» YOUR ASSIGNMENT
Check every line of the material for the word "than". Copy those that have it.
=== SOURCE INFORMATION ===
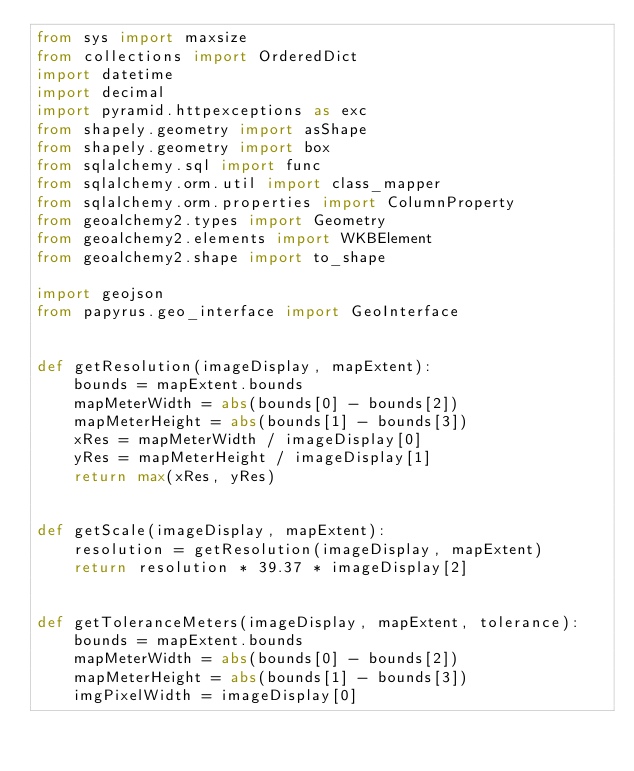Convert code to text. <code><loc_0><loc_0><loc_500><loc_500><_Python_>from sys import maxsize
from collections import OrderedDict
import datetime
import decimal
import pyramid.httpexceptions as exc
from shapely.geometry import asShape
from shapely.geometry import box
from sqlalchemy.sql import func
from sqlalchemy.orm.util import class_mapper
from sqlalchemy.orm.properties import ColumnProperty
from geoalchemy2.types import Geometry
from geoalchemy2.elements import WKBElement
from geoalchemy2.shape import to_shape

import geojson
from papyrus.geo_interface import GeoInterface


def getResolution(imageDisplay, mapExtent):
    bounds = mapExtent.bounds
    mapMeterWidth = abs(bounds[0] - bounds[2])
    mapMeterHeight = abs(bounds[1] - bounds[3])
    xRes = mapMeterWidth / imageDisplay[0]
    yRes = mapMeterHeight / imageDisplay[1]
    return max(xRes, yRes)


def getScale(imageDisplay, mapExtent):
    resolution = getResolution(imageDisplay, mapExtent)
    return resolution * 39.37 * imageDisplay[2]


def getToleranceMeters(imageDisplay, mapExtent, tolerance):
    bounds = mapExtent.bounds
    mapMeterWidth = abs(bounds[0] - bounds[2])
    mapMeterHeight = abs(bounds[1] - bounds[3])
    imgPixelWidth = imageDisplay[0]</code> 
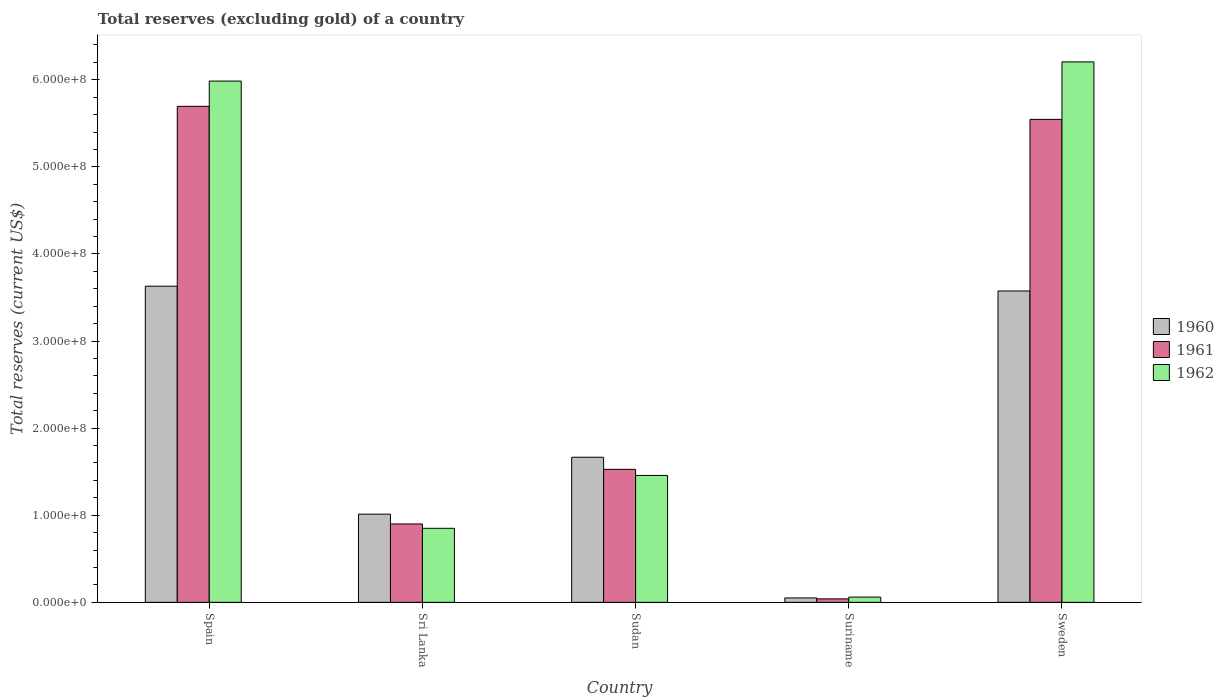How many groups of bars are there?
Keep it short and to the point. 5. Are the number of bars per tick equal to the number of legend labels?
Your response must be concise. Yes. Are the number of bars on each tick of the X-axis equal?
Keep it short and to the point. Yes. How many bars are there on the 1st tick from the left?
Keep it short and to the point. 3. How many bars are there on the 5th tick from the right?
Provide a short and direct response. 3. What is the label of the 3rd group of bars from the left?
Offer a very short reply. Sudan. In how many cases, is the number of bars for a given country not equal to the number of legend labels?
Give a very brief answer. 0. What is the total reserves (excluding gold) in 1960 in Sweden?
Give a very brief answer. 3.58e+08. Across all countries, what is the maximum total reserves (excluding gold) in 1962?
Your answer should be compact. 6.21e+08. Across all countries, what is the minimum total reserves (excluding gold) in 1961?
Give a very brief answer. 3.96e+06. In which country was the total reserves (excluding gold) in 1960 minimum?
Keep it short and to the point. Suriname. What is the total total reserves (excluding gold) in 1961 in the graph?
Offer a terse response. 1.37e+09. What is the difference between the total reserves (excluding gold) in 1962 in Sudan and that in Suriname?
Your answer should be compact. 1.40e+08. What is the difference between the total reserves (excluding gold) in 1961 in Sudan and the total reserves (excluding gold) in 1960 in Spain?
Give a very brief answer. -2.10e+08. What is the average total reserves (excluding gold) in 1962 per country?
Offer a very short reply. 2.91e+08. What is the difference between the total reserves (excluding gold) of/in 1960 and total reserves (excluding gold) of/in 1962 in Sri Lanka?
Your response must be concise. 1.63e+07. In how many countries, is the total reserves (excluding gold) in 1962 greater than 260000000 US$?
Make the answer very short. 2. What is the ratio of the total reserves (excluding gold) in 1960 in Sri Lanka to that in Suriname?
Give a very brief answer. 20.08. Is the difference between the total reserves (excluding gold) in 1960 in Suriname and Sweden greater than the difference between the total reserves (excluding gold) in 1962 in Suriname and Sweden?
Your response must be concise. Yes. What is the difference between the highest and the second highest total reserves (excluding gold) in 1962?
Give a very brief answer. 4.53e+08. What is the difference between the highest and the lowest total reserves (excluding gold) in 1961?
Keep it short and to the point. 5.66e+08. Is it the case that in every country, the sum of the total reserves (excluding gold) in 1962 and total reserves (excluding gold) in 1961 is greater than the total reserves (excluding gold) in 1960?
Keep it short and to the point. Yes. How many bars are there?
Your answer should be very brief. 15. Does the graph contain grids?
Provide a short and direct response. No. How are the legend labels stacked?
Your answer should be compact. Vertical. What is the title of the graph?
Keep it short and to the point. Total reserves (excluding gold) of a country. What is the label or title of the Y-axis?
Provide a succinct answer. Total reserves (current US$). What is the Total reserves (current US$) in 1960 in Spain?
Offer a terse response. 3.63e+08. What is the Total reserves (current US$) of 1961 in Spain?
Your response must be concise. 5.70e+08. What is the Total reserves (current US$) in 1962 in Spain?
Your answer should be very brief. 5.98e+08. What is the Total reserves (current US$) of 1960 in Sri Lanka?
Your answer should be compact. 1.01e+08. What is the Total reserves (current US$) of 1961 in Sri Lanka?
Offer a very short reply. 9.00e+07. What is the Total reserves (current US$) in 1962 in Sri Lanka?
Your answer should be compact. 8.50e+07. What is the Total reserves (current US$) of 1960 in Sudan?
Ensure brevity in your answer.  1.67e+08. What is the Total reserves (current US$) in 1961 in Sudan?
Keep it short and to the point. 1.53e+08. What is the Total reserves (current US$) of 1962 in Sudan?
Provide a short and direct response. 1.46e+08. What is the Total reserves (current US$) of 1960 in Suriname?
Offer a very short reply. 5.04e+06. What is the Total reserves (current US$) in 1961 in Suriname?
Give a very brief answer. 3.96e+06. What is the Total reserves (current US$) in 1962 in Suriname?
Ensure brevity in your answer.  6.01e+06. What is the Total reserves (current US$) in 1960 in Sweden?
Keep it short and to the point. 3.58e+08. What is the Total reserves (current US$) in 1961 in Sweden?
Your answer should be very brief. 5.55e+08. What is the Total reserves (current US$) in 1962 in Sweden?
Your answer should be compact. 6.21e+08. Across all countries, what is the maximum Total reserves (current US$) of 1960?
Give a very brief answer. 3.63e+08. Across all countries, what is the maximum Total reserves (current US$) in 1961?
Provide a short and direct response. 5.70e+08. Across all countries, what is the maximum Total reserves (current US$) in 1962?
Make the answer very short. 6.21e+08. Across all countries, what is the minimum Total reserves (current US$) of 1960?
Offer a terse response. 5.04e+06. Across all countries, what is the minimum Total reserves (current US$) in 1961?
Ensure brevity in your answer.  3.96e+06. Across all countries, what is the minimum Total reserves (current US$) in 1962?
Keep it short and to the point. 6.01e+06. What is the total Total reserves (current US$) in 1960 in the graph?
Provide a succinct answer. 9.93e+08. What is the total Total reserves (current US$) in 1961 in the graph?
Ensure brevity in your answer.  1.37e+09. What is the total Total reserves (current US$) of 1962 in the graph?
Make the answer very short. 1.46e+09. What is the difference between the Total reserves (current US$) of 1960 in Spain and that in Sri Lanka?
Provide a short and direct response. 2.62e+08. What is the difference between the Total reserves (current US$) of 1961 in Spain and that in Sri Lanka?
Give a very brief answer. 4.80e+08. What is the difference between the Total reserves (current US$) of 1962 in Spain and that in Sri Lanka?
Your answer should be compact. 5.13e+08. What is the difference between the Total reserves (current US$) of 1960 in Spain and that in Sudan?
Give a very brief answer. 1.96e+08. What is the difference between the Total reserves (current US$) of 1961 in Spain and that in Sudan?
Your response must be concise. 4.17e+08. What is the difference between the Total reserves (current US$) of 1962 in Spain and that in Sudan?
Keep it short and to the point. 4.53e+08. What is the difference between the Total reserves (current US$) in 1960 in Spain and that in Suriname?
Your response must be concise. 3.58e+08. What is the difference between the Total reserves (current US$) of 1961 in Spain and that in Suriname?
Keep it short and to the point. 5.66e+08. What is the difference between the Total reserves (current US$) of 1962 in Spain and that in Suriname?
Offer a very short reply. 5.92e+08. What is the difference between the Total reserves (current US$) of 1960 in Spain and that in Sweden?
Give a very brief answer. 5.47e+06. What is the difference between the Total reserves (current US$) of 1961 in Spain and that in Sweden?
Your answer should be very brief. 1.50e+07. What is the difference between the Total reserves (current US$) of 1962 in Spain and that in Sweden?
Provide a short and direct response. -2.20e+07. What is the difference between the Total reserves (current US$) in 1960 in Sri Lanka and that in Sudan?
Give a very brief answer. -6.53e+07. What is the difference between the Total reserves (current US$) in 1961 in Sri Lanka and that in Sudan?
Your answer should be very brief. -6.27e+07. What is the difference between the Total reserves (current US$) in 1962 in Sri Lanka and that in Sudan?
Offer a very short reply. -6.07e+07. What is the difference between the Total reserves (current US$) of 1960 in Sri Lanka and that in Suriname?
Your answer should be very brief. 9.62e+07. What is the difference between the Total reserves (current US$) in 1961 in Sri Lanka and that in Suriname?
Keep it short and to the point. 8.60e+07. What is the difference between the Total reserves (current US$) of 1962 in Sri Lanka and that in Suriname?
Keep it short and to the point. 7.90e+07. What is the difference between the Total reserves (current US$) in 1960 in Sri Lanka and that in Sweden?
Give a very brief answer. -2.56e+08. What is the difference between the Total reserves (current US$) in 1961 in Sri Lanka and that in Sweden?
Give a very brief answer. -4.65e+08. What is the difference between the Total reserves (current US$) of 1962 in Sri Lanka and that in Sweden?
Offer a terse response. -5.36e+08. What is the difference between the Total reserves (current US$) of 1960 in Sudan and that in Suriname?
Provide a succinct answer. 1.62e+08. What is the difference between the Total reserves (current US$) of 1961 in Sudan and that in Suriname?
Provide a short and direct response. 1.49e+08. What is the difference between the Total reserves (current US$) of 1962 in Sudan and that in Suriname?
Offer a very short reply. 1.40e+08. What is the difference between the Total reserves (current US$) in 1960 in Sudan and that in Sweden?
Ensure brevity in your answer.  -1.91e+08. What is the difference between the Total reserves (current US$) of 1961 in Sudan and that in Sweden?
Keep it short and to the point. -4.02e+08. What is the difference between the Total reserves (current US$) of 1962 in Sudan and that in Sweden?
Provide a short and direct response. -4.75e+08. What is the difference between the Total reserves (current US$) of 1960 in Suriname and that in Sweden?
Provide a succinct answer. -3.52e+08. What is the difference between the Total reserves (current US$) in 1961 in Suriname and that in Sweden?
Your answer should be very brief. -5.51e+08. What is the difference between the Total reserves (current US$) in 1962 in Suriname and that in Sweden?
Provide a short and direct response. -6.15e+08. What is the difference between the Total reserves (current US$) in 1960 in Spain and the Total reserves (current US$) in 1961 in Sri Lanka?
Make the answer very short. 2.73e+08. What is the difference between the Total reserves (current US$) of 1960 in Spain and the Total reserves (current US$) of 1962 in Sri Lanka?
Ensure brevity in your answer.  2.78e+08. What is the difference between the Total reserves (current US$) in 1961 in Spain and the Total reserves (current US$) in 1962 in Sri Lanka?
Provide a succinct answer. 4.85e+08. What is the difference between the Total reserves (current US$) of 1960 in Spain and the Total reserves (current US$) of 1961 in Sudan?
Provide a succinct answer. 2.10e+08. What is the difference between the Total reserves (current US$) of 1960 in Spain and the Total reserves (current US$) of 1962 in Sudan?
Offer a terse response. 2.17e+08. What is the difference between the Total reserves (current US$) of 1961 in Spain and the Total reserves (current US$) of 1962 in Sudan?
Give a very brief answer. 4.24e+08. What is the difference between the Total reserves (current US$) of 1960 in Spain and the Total reserves (current US$) of 1961 in Suriname?
Provide a short and direct response. 3.59e+08. What is the difference between the Total reserves (current US$) of 1960 in Spain and the Total reserves (current US$) of 1962 in Suriname?
Give a very brief answer. 3.57e+08. What is the difference between the Total reserves (current US$) in 1961 in Spain and the Total reserves (current US$) in 1962 in Suriname?
Offer a very short reply. 5.64e+08. What is the difference between the Total reserves (current US$) in 1960 in Spain and the Total reserves (current US$) in 1961 in Sweden?
Give a very brief answer. -1.92e+08. What is the difference between the Total reserves (current US$) in 1960 in Spain and the Total reserves (current US$) in 1962 in Sweden?
Ensure brevity in your answer.  -2.58e+08. What is the difference between the Total reserves (current US$) in 1961 in Spain and the Total reserves (current US$) in 1962 in Sweden?
Ensure brevity in your answer.  -5.10e+07. What is the difference between the Total reserves (current US$) in 1960 in Sri Lanka and the Total reserves (current US$) in 1961 in Sudan?
Offer a terse response. -5.14e+07. What is the difference between the Total reserves (current US$) in 1960 in Sri Lanka and the Total reserves (current US$) in 1962 in Sudan?
Keep it short and to the point. -4.44e+07. What is the difference between the Total reserves (current US$) in 1961 in Sri Lanka and the Total reserves (current US$) in 1962 in Sudan?
Provide a succinct answer. -5.57e+07. What is the difference between the Total reserves (current US$) in 1960 in Sri Lanka and the Total reserves (current US$) in 1961 in Suriname?
Offer a terse response. 9.73e+07. What is the difference between the Total reserves (current US$) of 1960 in Sri Lanka and the Total reserves (current US$) of 1962 in Suriname?
Ensure brevity in your answer.  9.52e+07. What is the difference between the Total reserves (current US$) in 1961 in Sri Lanka and the Total reserves (current US$) in 1962 in Suriname?
Offer a terse response. 8.40e+07. What is the difference between the Total reserves (current US$) of 1960 in Sri Lanka and the Total reserves (current US$) of 1961 in Sweden?
Provide a succinct answer. -4.53e+08. What is the difference between the Total reserves (current US$) of 1960 in Sri Lanka and the Total reserves (current US$) of 1962 in Sweden?
Your answer should be very brief. -5.19e+08. What is the difference between the Total reserves (current US$) of 1961 in Sri Lanka and the Total reserves (current US$) of 1962 in Sweden?
Ensure brevity in your answer.  -5.31e+08. What is the difference between the Total reserves (current US$) of 1960 in Sudan and the Total reserves (current US$) of 1961 in Suriname?
Your answer should be compact. 1.63e+08. What is the difference between the Total reserves (current US$) of 1960 in Sudan and the Total reserves (current US$) of 1962 in Suriname?
Provide a short and direct response. 1.61e+08. What is the difference between the Total reserves (current US$) of 1961 in Sudan and the Total reserves (current US$) of 1962 in Suriname?
Provide a succinct answer. 1.47e+08. What is the difference between the Total reserves (current US$) in 1960 in Sudan and the Total reserves (current US$) in 1961 in Sweden?
Provide a short and direct response. -3.88e+08. What is the difference between the Total reserves (current US$) in 1960 in Sudan and the Total reserves (current US$) in 1962 in Sweden?
Offer a very short reply. -4.54e+08. What is the difference between the Total reserves (current US$) of 1961 in Sudan and the Total reserves (current US$) of 1962 in Sweden?
Your response must be concise. -4.68e+08. What is the difference between the Total reserves (current US$) in 1960 in Suriname and the Total reserves (current US$) in 1961 in Sweden?
Give a very brief answer. -5.49e+08. What is the difference between the Total reserves (current US$) in 1960 in Suriname and the Total reserves (current US$) in 1962 in Sweden?
Offer a terse response. -6.15e+08. What is the difference between the Total reserves (current US$) in 1961 in Suriname and the Total reserves (current US$) in 1962 in Sweden?
Ensure brevity in your answer.  -6.17e+08. What is the average Total reserves (current US$) in 1960 per country?
Your answer should be compact. 1.99e+08. What is the average Total reserves (current US$) of 1961 per country?
Keep it short and to the point. 2.74e+08. What is the average Total reserves (current US$) of 1962 per country?
Offer a very short reply. 2.91e+08. What is the difference between the Total reserves (current US$) in 1960 and Total reserves (current US$) in 1961 in Spain?
Offer a very short reply. -2.07e+08. What is the difference between the Total reserves (current US$) in 1960 and Total reserves (current US$) in 1962 in Spain?
Keep it short and to the point. -2.35e+08. What is the difference between the Total reserves (current US$) of 1961 and Total reserves (current US$) of 1962 in Spain?
Provide a succinct answer. -2.90e+07. What is the difference between the Total reserves (current US$) of 1960 and Total reserves (current US$) of 1961 in Sri Lanka?
Ensure brevity in your answer.  1.13e+07. What is the difference between the Total reserves (current US$) in 1960 and Total reserves (current US$) in 1962 in Sri Lanka?
Ensure brevity in your answer.  1.63e+07. What is the difference between the Total reserves (current US$) of 1960 and Total reserves (current US$) of 1961 in Sudan?
Your answer should be compact. 1.39e+07. What is the difference between the Total reserves (current US$) in 1960 and Total reserves (current US$) in 1962 in Sudan?
Your response must be concise. 2.09e+07. What is the difference between the Total reserves (current US$) in 1961 and Total reserves (current US$) in 1962 in Sudan?
Your response must be concise. 7.00e+06. What is the difference between the Total reserves (current US$) in 1960 and Total reserves (current US$) in 1961 in Suriname?
Ensure brevity in your answer.  1.08e+06. What is the difference between the Total reserves (current US$) of 1960 and Total reserves (current US$) of 1962 in Suriname?
Your response must be concise. -9.68e+05. What is the difference between the Total reserves (current US$) in 1961 and Total reserves (current US$) in 1962 in Suriname?
Offer a terse response. -2.05e+06. What is the difference between the Total reserves (current US$) in 1960 and Total reserves (current US$) in 1961 in Sweden?
Ensure brevity in your answer.  -1.97e+08. What is the difference between the Total reserves (current US$) of 1960 and Total reserves (current US$) of 1962 in Sweden?
Keep it short and to the point. -2.63e+08. What is the difference between the Total reserves (current US$) of 1961 and Total reserves (current US$) of 1962 in Sweden?
Give a very brief answer. -6.60e+07. What is the ratio of the Total reserves (current US$) of 1960 in Spain to that in Sri Lanka?
Keep it short and to the point. 3.58. What is the ratio of the Total reserves (current US$) in 1961 in Spain to that in Sri Lanka?
Make the answer very short. 6.33. What is the ratio of the Total reserves (current US$) in 1962 in Spain to that in Sri Lanka?
Your response must be concise. 7.04. What is the ratio of the Total reserves (current US$) in 1960 in Spain to that in Sudan?
Your answer should be compact. 2.18. What is the ratio of the Total reserves (current US$) in 1961 in Spain to that in Sudan?
Offer a very short reply. 3.73. What is the ratio of the Total reserves (current US$) of 1962 in Spain to that in Sudan?
Provide a short and direct response. 4.11. What is the ratio of the Total reserves (current US$) in 1960 in Spain to that in Suriname?
Make the answer very short. 71.98. What is the ratio of the Total reserves (current US$) of 1961 in Spain to that in Suriname?
Offer a very short reply. 143.78. What is the ratio of the Total reserves (current US$) of 1962 in Spain to that in Suriname?
Make the answer very short. 99.57. What is the ratio of the Total reserves (current US$) in 1960 in Spain to that in Sweden?
Make the answer very short. 1.02. What is the ratio of the Total reserves (current US$) in 1962 in Spain to that in Sweden?
Keep it short and to the point. 0.96. What is the ratio of the Total reserves (current US$) in 1960 in Sri Lanka to that in Sudan?
Give a very brief answer. 0.61. What is the ratio of the Total reserves (current US$) of 1961 in Sri Lanka to that in Sudan?
Provide a succinct answer. 0.59. What is the ratio of the Total reserves (current US$) of 1962 in Sri Lanka to that in Sudan?
Keep it short and to the point. 0.58. What is the ratio of the Total reserves (current US$) of 1960 in Sri Lanka to that in Suriname?
Your answer should be compact. 20.08. What is the ratio of the Total reserves (current US$) in 1961 in Sri Lanka to that in Suriname?
Provide a short and direct response. 22.72. What is the ratio of the Total reserves (current US$) of 1962 in Sri Lanka to that in Suriname?
Your answer should be very brief. 14.14. What is the ratio of the Total reserves (current US$) of 1960 in Sri Lanka to that in Sweden?
Your response must be concise. 0.28. What is the ratio of the Total reserves (current US$) in 1961 in Sri Lanka to that in Sweden?
Ensure brevity in your answer.  0.16. What is the ratio of the Total reserves (current US$) in 1962 in Sri Lanka to that in Sweden?
Make the answer very short. 0.14. What is the ratio of the Total reserves (current US$) in 1960 in Sudan to that in Suriname?
Your answer should be very brief. 33.04. What is the ratio of the Total reserves (current US$) in 1961 in Sudan to that in Suriname?
Your answer should be compact. 38.55. What is the ratio of the Total reserves (current US$) in 1962 in Sudan to that in Suriname?
Provide a succinct answer. 24.24. What is the ratio of the Total reserves (current US$) of 1960 in Sudan to that in Sweden?
Offer a terse response. 0.47. What is the ratio of the Total reserves (current US$) of 1961 in Sudan to that in Sweden?
Your answer should be compact. 0.28. What is the ratio of the Total reserves (current US$) in 1962 in Sudan to that in Sweden?
Provide a succinct answer. 0.23. What is the ratio of the Total reserves (current US$) of 1960 in Suriname to that in Sweden?
Provide a succinct answer. 0.01. What is the ratio of the Total reserves (current US$) of 1961 in Suriname to that in Sweden?
Provide a short and direct response. 0.01. What is the ratio of the Total reserves (current US$) of 1962 in Suriname to that in Sweden?
Keep it short and to the point. 0.01. What is the difference between the highest and the second highest Total reserves (current US$) of 1960?
Make the answer very short. 5.47e+06. What is the difference between the highest and the second highest Total reserves (current US$) of 1961?
Offer a very short reply. 1.50e+07. What is the difference between the highest and the second highest Total reserves (current US$) in 1962?
Your response must be concise. 2.20e+07. What is the difference between the highest and the lowest Total reserves (current US$) of 1960?
Keep it short and to the point. 3.58e+08. What is the difference between the highest and the lowest Total reserves (current US$) in 1961?
Your answer should be compact. 5.66e+08. What is the difference between the highest and the lowest Total reserves (current US$) of 1962?
Make the answer very short. 6.15e+08.
===
» REPLY
Your response must be concise. 1.63e+07. In how many countries, is the total reserves (excluding gold) in 1962 greater than 260000000 US$?
Give a very brief answer. 20.08. Is the difference between the total reserves (excluding gold) in 1960 in Suriname and Sweden greater than the difference between the total reserves (excluding gold) in 1962 in Suriname and Sweden?
Keep it short and to the point. 5.66e+08. Is it the case that in every country, the sum of the total reserves (excluding gold) in 1962 and total reserves (excluding gold) in 1961 is greater than the total reserves (excluding gold) in 1960?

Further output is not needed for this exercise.